By Kristy Puchko | Film | February 10, 2016 |
By Kristy Puchko | Film | February 10, 2016 |
Come for the WTF, stay for the wicked humor and shockingly compelling romance.
At first glance, Nina Forever, the British horror-comedy that drew raves out of SXSW, might look like a tawdry excuse to display two naked, but gore-caked women rolling around in bed together. But that gruesome gimmick is just one crucial ingredient to what makes this creepy curiosity so distinctly dark and delicious. Much like the three heroes of this fucked up fairy tale, there’s much more to Nina Forever than meets the eye.
Written and directed by Ben and Chris Blaine, Nina Forever centers on the unusual romance that blossoms between goody-two-shoes grocery clerk Holly (Abigail Hardingham) and suicidal stock boy Rob (Cian Barry). In the wake of his girlfriend Nina’s fatal car accident, Rob has become a leered-at loner, snagging Holly’s eye with his anti-social behavior and self-destructive drive. After bonding over rock music and a discussion of scars, trouble arises when they wind up in his bed. And by trouble, I mean the sneering corpse of his dead girlfriend. Don’t you dare call her an ex. When Nina (a fierce and fabulous Fiona O’Shaughnessy) scorns Rob for bringing another girl into their bed, the rattled beau sputters, “You’re dead!” To which Nina seethes with deadly side-eye, “That doesn’t mean we’re on a break though, does it?”
Rejecting the jump scares that have become frustratingly standard in modern horror, the Blaine Brothers favor building dread. Nina’s first appearances is teased with a small dot of blood on a white sheet growing bigger, darker, more alarming. Then ascends Nina, full-bodied, broken, bloody yet beautiful.

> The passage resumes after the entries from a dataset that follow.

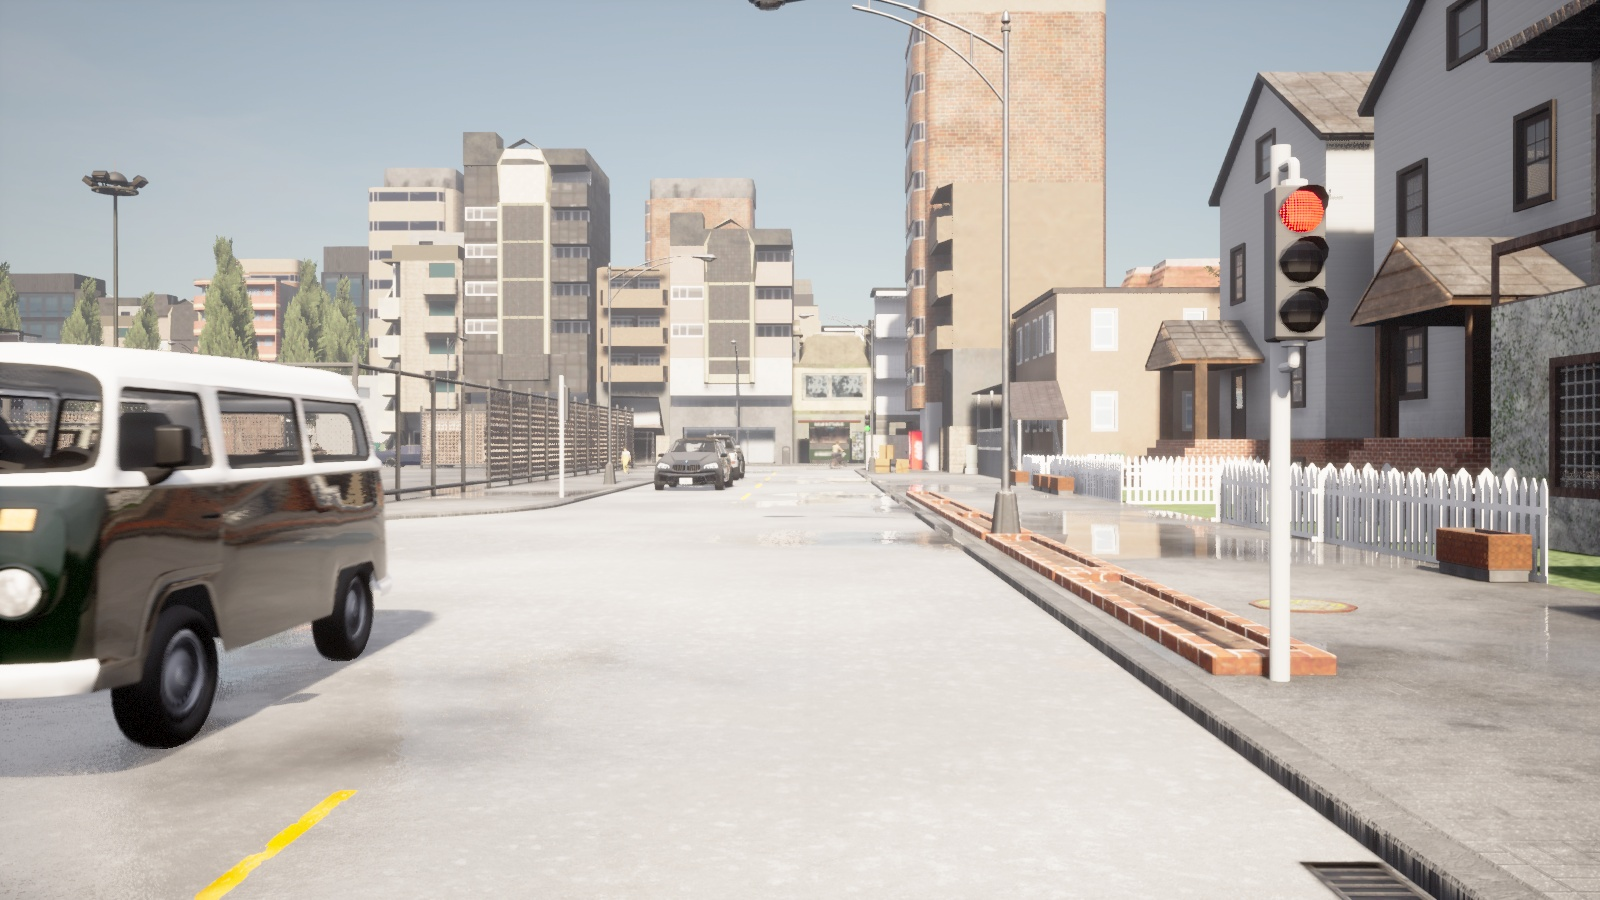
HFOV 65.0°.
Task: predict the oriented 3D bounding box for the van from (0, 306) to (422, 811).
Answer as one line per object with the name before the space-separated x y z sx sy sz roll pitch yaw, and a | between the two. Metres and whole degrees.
van | -3.890 0.426 7.295 2.069 2.038 4.480 0 0 0

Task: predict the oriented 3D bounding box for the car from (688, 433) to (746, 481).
car | -3.313 0.273 50.980 1.932 1.855 4.605 0 0 2

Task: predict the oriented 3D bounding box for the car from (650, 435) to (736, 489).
car | -3.419 0.357 41.005 2.242 1.667 4.611 0 0 2

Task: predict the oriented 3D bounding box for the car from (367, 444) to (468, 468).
car | -22.766 0.353 74.878 5.357 1.411 2.033 0 0 1
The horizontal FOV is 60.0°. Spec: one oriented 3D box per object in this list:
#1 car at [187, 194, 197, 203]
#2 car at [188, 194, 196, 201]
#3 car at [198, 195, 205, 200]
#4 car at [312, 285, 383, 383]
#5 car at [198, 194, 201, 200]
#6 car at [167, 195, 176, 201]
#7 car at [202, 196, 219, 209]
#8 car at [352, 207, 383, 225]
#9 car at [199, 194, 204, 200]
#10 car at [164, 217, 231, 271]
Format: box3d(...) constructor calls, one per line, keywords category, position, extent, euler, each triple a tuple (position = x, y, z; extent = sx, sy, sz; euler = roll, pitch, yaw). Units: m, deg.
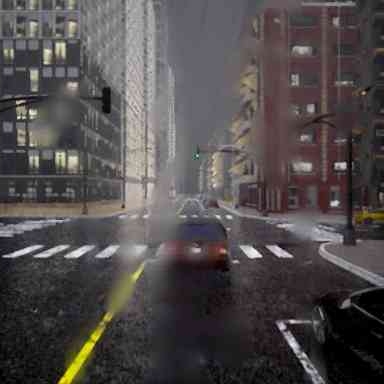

Accompanying her is a whir of gut-churning sound effects, the crunching of bone, gurgles of blood, gasping breath and a distant heart monitor beeping into oblivion. And there she is, terrible yet captivating.
The Blaines’ brand of gallows humor blisters in their banter, but is positively brilliant in Nina’s sick and subversive physical gags. She’s half wet dream and half nightmare. Her breathy voice sultry yet sinister, coming not from a desire to seduce, but from punctured lungs and a throat filled with windshield glass. The way she flings her head of rich black hair about is not so much a power move, but the result of her snapped spine. Just as her tendency to lean against furniture or rest her head along her wrist is matter of support, not striking a provocative pose. Nina is a glorious monster constructed on contradictions.
Her lips slicked with blood like lip-gloss. Her eyes ringed in eyeliner smudged by sweat and tears. Her skin flawless save for the open wounds. She is sex and death as well as an embodied memory, fractured, fascinating yet frightening. And with her withering barbs and lurid yet rickety physicality, O’Shaughnessy creates a creature destined to become a horror icon. But for all this, and the inescapable spectacle of the actress’s all-nude performance, what really grounds the horror of Nina’s undead existence is the devilish wit and deranged pathos this striking actress brings to each moment and every awkward angle.
While O’Shaughnessy’s scenes are the most fantastic and fantastical, it’s Hardingham and Barry that make this movie more than a collection of gloriously bizarre bits. Together they create a quirky couple that you can’t help but root for, whether they’re binning the blood-drenched sheets or turning a printing press into foreplay.
Frustrated by being written off as “vanilla” and “sweet,” Holly seeks to explore her dark side with the brokenhearted bad boy. Hardingham displays not just her body, but a heady blend of resilience and vulnerability as Holly seeks to get closer to Rob, and get rid of Nina and all the pools of blood she leaves behind. One of the film’s most riveting and uncomfortable scenes shows Holly trying to ingratiate Nina into her lovemaking with Rob, hoping to include her will soothe this savage beast. Meanwhile, Barry brings a poignant desperation to Rob, who is not only torn between two women but also between a desire to die and to live on. Basically, while the corpse in their bed may be the most obvious obstacle in their relationship, it’s not the only one.
The Brothers Blaine tease out the relationship drama amid bitingly macabre humor and strange sex appeal, climaxing in a sequence that’s as hilarious as it is poignant and twisted, much like its titular creature. Simply put, Nina Forever is WTF in the best way possible.
Now, I’ll admit this bawdy body-horror rom-com may not make for ideal Valentine’s Day viewing. Mileage may vary. But Nina Forever is so rich with paradox—being ghastly yet gorgeous, sick yet sexy, disturbing yet tender—that it crackles with a dangerous charm and refuses to be forgotten.
Nina Forever is in limited release and on VOD.